EXCERPTED RECORDS:
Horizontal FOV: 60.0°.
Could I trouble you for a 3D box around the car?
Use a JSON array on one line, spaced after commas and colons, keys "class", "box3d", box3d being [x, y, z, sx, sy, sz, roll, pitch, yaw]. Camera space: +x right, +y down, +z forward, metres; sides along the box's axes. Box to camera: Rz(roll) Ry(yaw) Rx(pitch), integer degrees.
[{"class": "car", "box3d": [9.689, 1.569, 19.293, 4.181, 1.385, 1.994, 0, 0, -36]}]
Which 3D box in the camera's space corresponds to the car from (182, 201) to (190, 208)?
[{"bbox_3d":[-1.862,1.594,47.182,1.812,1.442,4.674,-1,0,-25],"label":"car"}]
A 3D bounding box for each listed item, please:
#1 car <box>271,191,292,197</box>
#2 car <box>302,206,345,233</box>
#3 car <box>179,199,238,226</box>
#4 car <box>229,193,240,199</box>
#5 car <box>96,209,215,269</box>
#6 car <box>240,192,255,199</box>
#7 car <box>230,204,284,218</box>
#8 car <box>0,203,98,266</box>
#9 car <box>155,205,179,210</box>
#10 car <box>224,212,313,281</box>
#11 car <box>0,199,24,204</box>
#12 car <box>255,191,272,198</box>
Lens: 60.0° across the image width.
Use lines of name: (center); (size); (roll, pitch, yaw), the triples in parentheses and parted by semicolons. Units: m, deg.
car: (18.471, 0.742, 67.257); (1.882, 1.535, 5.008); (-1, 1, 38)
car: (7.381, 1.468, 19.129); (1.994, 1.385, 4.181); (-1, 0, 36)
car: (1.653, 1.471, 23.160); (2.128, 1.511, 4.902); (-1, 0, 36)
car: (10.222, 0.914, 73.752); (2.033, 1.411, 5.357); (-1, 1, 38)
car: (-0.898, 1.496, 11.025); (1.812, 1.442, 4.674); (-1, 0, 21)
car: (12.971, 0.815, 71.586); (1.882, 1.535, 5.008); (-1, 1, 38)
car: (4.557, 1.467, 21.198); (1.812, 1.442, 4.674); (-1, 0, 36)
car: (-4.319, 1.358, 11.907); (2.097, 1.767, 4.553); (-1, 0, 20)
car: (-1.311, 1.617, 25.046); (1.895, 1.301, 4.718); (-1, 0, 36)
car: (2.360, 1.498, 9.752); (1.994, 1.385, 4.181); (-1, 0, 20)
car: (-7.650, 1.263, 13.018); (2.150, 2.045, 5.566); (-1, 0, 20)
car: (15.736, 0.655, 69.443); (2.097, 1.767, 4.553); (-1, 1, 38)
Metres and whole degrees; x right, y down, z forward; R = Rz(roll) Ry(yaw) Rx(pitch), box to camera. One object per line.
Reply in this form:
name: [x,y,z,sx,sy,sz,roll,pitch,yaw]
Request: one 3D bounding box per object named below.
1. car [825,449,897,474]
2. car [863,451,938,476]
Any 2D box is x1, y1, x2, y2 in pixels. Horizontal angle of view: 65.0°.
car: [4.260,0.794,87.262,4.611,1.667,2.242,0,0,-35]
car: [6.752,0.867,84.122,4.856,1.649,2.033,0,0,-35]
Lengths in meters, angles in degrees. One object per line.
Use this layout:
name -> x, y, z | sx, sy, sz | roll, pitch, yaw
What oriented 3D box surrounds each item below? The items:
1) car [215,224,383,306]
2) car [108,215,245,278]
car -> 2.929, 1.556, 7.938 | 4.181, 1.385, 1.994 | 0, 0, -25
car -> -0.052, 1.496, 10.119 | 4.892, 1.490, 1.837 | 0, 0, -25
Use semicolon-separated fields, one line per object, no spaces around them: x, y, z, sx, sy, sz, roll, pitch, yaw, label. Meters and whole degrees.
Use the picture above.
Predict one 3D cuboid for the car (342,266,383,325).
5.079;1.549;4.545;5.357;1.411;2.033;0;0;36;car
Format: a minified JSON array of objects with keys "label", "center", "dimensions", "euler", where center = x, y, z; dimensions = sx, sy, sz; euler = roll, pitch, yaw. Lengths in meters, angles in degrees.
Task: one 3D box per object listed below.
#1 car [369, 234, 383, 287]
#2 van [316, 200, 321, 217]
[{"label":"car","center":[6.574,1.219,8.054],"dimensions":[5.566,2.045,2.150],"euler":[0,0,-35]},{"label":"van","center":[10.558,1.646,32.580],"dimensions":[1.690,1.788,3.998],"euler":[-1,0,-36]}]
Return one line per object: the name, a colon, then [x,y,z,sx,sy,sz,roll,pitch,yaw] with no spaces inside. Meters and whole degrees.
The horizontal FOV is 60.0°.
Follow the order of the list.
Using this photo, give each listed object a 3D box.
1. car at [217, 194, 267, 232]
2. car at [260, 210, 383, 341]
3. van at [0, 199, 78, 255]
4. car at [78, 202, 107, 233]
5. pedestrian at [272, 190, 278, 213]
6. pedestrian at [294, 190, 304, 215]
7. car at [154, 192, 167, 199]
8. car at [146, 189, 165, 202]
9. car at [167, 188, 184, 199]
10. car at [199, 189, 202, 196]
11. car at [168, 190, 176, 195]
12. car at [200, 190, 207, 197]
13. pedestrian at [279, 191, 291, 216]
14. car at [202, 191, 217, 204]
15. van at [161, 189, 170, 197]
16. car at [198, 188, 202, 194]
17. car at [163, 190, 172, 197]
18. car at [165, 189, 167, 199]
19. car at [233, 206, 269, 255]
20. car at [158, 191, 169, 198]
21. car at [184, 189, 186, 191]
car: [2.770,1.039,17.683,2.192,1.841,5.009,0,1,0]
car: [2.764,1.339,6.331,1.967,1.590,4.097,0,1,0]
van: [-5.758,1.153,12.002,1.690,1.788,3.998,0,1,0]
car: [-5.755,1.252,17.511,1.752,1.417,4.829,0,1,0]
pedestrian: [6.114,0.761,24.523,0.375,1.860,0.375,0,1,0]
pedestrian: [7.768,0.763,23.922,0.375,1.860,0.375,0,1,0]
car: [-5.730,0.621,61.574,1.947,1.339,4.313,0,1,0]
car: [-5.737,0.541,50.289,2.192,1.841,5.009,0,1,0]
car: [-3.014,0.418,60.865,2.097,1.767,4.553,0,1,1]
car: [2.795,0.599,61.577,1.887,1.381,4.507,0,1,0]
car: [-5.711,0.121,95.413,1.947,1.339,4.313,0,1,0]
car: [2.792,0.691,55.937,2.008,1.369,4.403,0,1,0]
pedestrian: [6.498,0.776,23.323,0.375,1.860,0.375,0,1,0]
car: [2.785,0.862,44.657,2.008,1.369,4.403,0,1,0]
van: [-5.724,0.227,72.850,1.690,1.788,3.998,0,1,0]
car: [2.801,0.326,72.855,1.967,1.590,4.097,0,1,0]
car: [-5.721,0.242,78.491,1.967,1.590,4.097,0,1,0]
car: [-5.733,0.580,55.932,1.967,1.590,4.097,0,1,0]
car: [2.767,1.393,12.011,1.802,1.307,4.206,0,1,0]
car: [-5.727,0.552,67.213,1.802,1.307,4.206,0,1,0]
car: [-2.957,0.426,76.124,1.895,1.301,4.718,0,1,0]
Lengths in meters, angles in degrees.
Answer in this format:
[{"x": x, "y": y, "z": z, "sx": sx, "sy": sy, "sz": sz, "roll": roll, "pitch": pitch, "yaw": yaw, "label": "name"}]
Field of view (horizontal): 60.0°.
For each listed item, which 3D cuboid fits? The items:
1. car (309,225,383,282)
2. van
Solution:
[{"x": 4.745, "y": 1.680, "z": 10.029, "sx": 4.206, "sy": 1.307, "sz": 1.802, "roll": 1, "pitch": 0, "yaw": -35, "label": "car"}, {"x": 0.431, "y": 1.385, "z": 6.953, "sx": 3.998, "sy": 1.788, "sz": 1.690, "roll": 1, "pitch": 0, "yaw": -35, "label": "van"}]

AIM OF THE TASK:
Transcribe every entry exactly, omitting nothing.

RESPONSE:
Horizontal FOV: 60.0°.
Could I trouble you for a 3D box around the car?
Use a JSON array on one line, spaced after commas and colons, keys "class", "box3d", box3d being [x, y, z, sx, sy, sz, roll, pitch, yaw]. Camera space: +x right, +y down, +z forward, metres; sides along the box's axes. Box to camera: Rz(roll) Ry(yaw) Rx(pitch), integer degrees.
[{"class": "car", "box3d": [9.689, 1.569, 19.293, 4.181, 1.385, 1.994, 0, 0, -36]}]
Which 3D box in the camera's space corresponds to the car from (182, 201) to (190, 208)?
[{"bbox_3d":[-1.862,1.594,47.182,1.812,1.442,4.674,-1,0,-25],"label":"car"}]
A 3D bounding box for each listed item, please:
#1 car <box>271,191,292,197</box>
#2 car <box>302,206,345,233</box>
#3 car <box>179,199,238,226</box>
#4 car <box>229,193,240,199</box>
#5 car <box>96,209,215,269</box>
#6 car <box>240,192,255,199</box>
#7 car <box>230,204,284,218</box>
#8 car <box>0,203,98,266</box>
#9 car <box>155,205,179,210</box>
#10 car <box>224,212,313,281</box>
#11 car <box>0,199,24,204</box>
#12 car <box>255,191,272,198</box>
Lens: 60.0° across the image width.
Use lines of name: (center); (size); (roll, pitch, yaw), the triples in parentheses and parted by semicolons. Units: m, deg.
car: (18.471, 0.742, 67.257); (1.882, 1.535, 5.008); (-1, 1, 38)
car: (7.381, 1.468, 19.129); (1.994, 1.385, 4.181); (-1, 0, 36)
car: (1.653, 1.471, 23.160); (2.128, 1.511, 4.902); (-1, 0, 36)
car: (10.222, 0.914, 73.752); (2.033, 1.411, 5.357); (-1, 1, 38)
car: (-0.898, 1.496, 11.025); (1.812, 1.442, 4.674); (-1, 0, 21)
car: (12.971, 0.815, 71.586); (1.882, 1.535, 5.008); (-1, 1, 38)
car: (4.557, 1.467, 21.198); (1.812, 1.442, 4.674); (-1, 0, 36)
car: (-4.319, 1.358, 11.907); (2.097, 1.767, 4.553); (-1, 0, 20)
car: (-1.311, 1.617, 25.046); (1.895, 1.301, 4.718); (-1, 0, 36)
car: (2.360, 1.498, 9.752); (1.994, 1.385, 4.181); (-1, 0, 20)
car: (-7.650, 1.263, 13.018); (2.150, 2.045, 5.566); (-1, 0, 20)
car: (15.736, 0.655, 69.443); (2.097, 1.767, 4.553); (-1, 1, 38)
Metres and whole degrees; x right, y down, z forward; R = Rz(roll) Ry(yaw) Rx(pitch), box to camera. One object per line.
Reply in this form:
name: [x,y,z,sx,sy,sz,roll,pitch,yaw]
Request: one 3D bounding box per object named below.
1. car [825,449,897,474]
2. car [863,451,938,476]
Any 2D box is x1, y1, x2, y2 in pixels. Horizontal angle of view: 65.0°.
car: [4.260,0.794,87.262,4.611,1.667,2.242,0,0,-35]
car: [6.752,0.867,84.122,4.856,1.649,2.033,0,0,-35]
Lengths in meters, angles in degrees. One object per line.
Use this layout:
name -> x, y, z | sx, sy, sz | roll, pitch, yaw
What oriented 3D box surrounds each item below? The items:
1) car [215,224,383,306]
2) car [108,215,245,278]
car -> 2.929, 1.556, 7.938 | 4.181, 1.385, 1.994 | 0, 0, -25
car -> -0.052, 1.496, 10.119 | 4.892, 1.490, 1.837 | 0, 0, -25
Use semicolon-separated fields, one line per object, no spaces around them: x, y, z, sx, sy, sz, roll, pitch, yaw, label. Meters and whole degrees.
Use the picture above.
Predict one 3D cuboid for the car (342,266,383,325).
5.079;1.549;4.545;5.357;1.411;2.033;0;0;36;car
Format: a minified JSON array of objects with keys "label", "center", "dimensions", "euler", where center = x, y, z; dimensions = sx, sy, sz; euler = roll, pitch, yaw. Lengths in meters, angles in degrees.
Task: one 3D box per object listed below.
#1 car [369, 234, 383, 287]
#2 van [316, 200, 321, 217]
[{"label":"car","center":[6.574,1.219,8.054],"dimensions":[5.566,2.045,2.150],"euler":[0,0,-35]},{"label":"van","center":[10.558,1.646,32.580],"dimensions":[1.690,1.788,3.998],"euler":[-1,0,-36]}]
Return one line per object: the name, a colon, then [x,y,z,sx,sy,sz,roll,pitch,yaw] with no spaces inside. Meters and whole degrees.
The horizontal FOV is 60.0°.
Follow the order of the list.
Using this photo, give each listed object a 3D box.
1. car at [217, 194, 267, 232]
2. car at [260, 210, 383, 341]
3. van at [0, 199, 78, 255]
4. car at [78, 202, 107, 233]
5. pedestrian at [272, 190, 278, 213]
6. pedestrian at [294, 190, 304, 215]
7. car at [154, 192, 167, 199]
8. car at [146, 189, 165, 202]
9. car at [167, 188, 184, 199]
10. car at [199, 189, 202, 196]
11. car at [168, 190, 176, 195]
12. car at [200, 190, 207, 197]
13. pedestrian at [279, 191, 291, 216]
14. car at [202, 191, 217, 204]
15. van at [161, 189, 170, 197]
16. car at [198, 188, 202, 194]
17. car at [163, 190, 172, 197]
18. car at [165, 189, 167, 199]
19. car at [233, 206, 269, 255]
20. car at [158, 191, 169, 198]
21. car at [184, 189, 186, 191]
car: [2.770,1.039,17.683,2.192,1.841,5.009,0,1,0]
car: [2.764,1.339,6.331,1.967,1.590,4.097,0,1,0]
van: [-5.758,1.153,12.002,1.690,1.788,3.998,0,1,0]
car: [-5.755,1.252,17.511,1.752,1.417,4.829,0,1,0]
pedestrian: [6.114,0.761,24.523,0.375,1.860,0.375,0,1,0]
pedestrian: [7.768,0.763,23.922,0.375,1.860,0.375,0,1,0]
car: [-5.730,0.621,61.574,1.947,1.339,4.313,0,1,0]
car: [-5.737,0.541,50.289,2.192,1.841,5.009,0,1,0]
car: [-3.014,0.418,60.865,2.097,1.767,4.553,0,1,1]
car: [2.795,0.599,61.577,1.887,1.381,4.507,0,1,0]
car: [-5.711,0.121,95.413,1.947,1.339,4.313,0,1,0]
car: [2.792,0.691,55.937,2.008,1.369,4.403,0,1,0]
pedestrian: [6.498,0.776,23.323,0.375,1.860,0.375,0,1,0]
car: [2.785,0.862,44.657,2.008,1.369,4.403,0,1,0]
van: [-5.724,0.227,72.850,1.690,1.788,3.998,0,1,0]
car: [2.801,0.326,72.855,1.967,1.590,4.097,0,1,0]
car: [-5.721,0.242,78.491,1.967,1.590,4.097,0,1,0]
car: [-5.733,0.580,55.932,1.967,1.590,4.097,0,1,0]
car: [2.767,1.393,12.011,1.802,1.307,4.206,0,1,0]
car: [-5.727,0.552,67.213,1.802,1.307,4.206,0,1,0]
car: [-2.957,0.426,76.124,1.895,1.301,4.718,0,1,0]
Lengths in meters, angles in degrees.
Answer in this format:
[{"x": x, "y": y, "z": z, "sx": sx, "sy": sy, "sz": sz, "roll": roll, "pitch": pitch, "yaw": yaw, "label": "name"}]
Field of view (horizontal): 60.0°.
For each listed item, which 3D cuboid fits? The items:
1. car (309,225,383,282)
2. van
Solution:
[{"x": 4.745, "y": 1.680, "z": 10.029, "sx": 4.206, "sy": 1.307, "sz": 1.802, "roll": 1, "pitch": 0, "yaw": -35, "label": "car"}, {"x": 0.431, "y": 1.385, "z": 6.953, "sx": 3.998, "sy": 1.788, "sz": 1.690, "roll": 1, "pitch": 0, "yaw": -35, "label": "van"}]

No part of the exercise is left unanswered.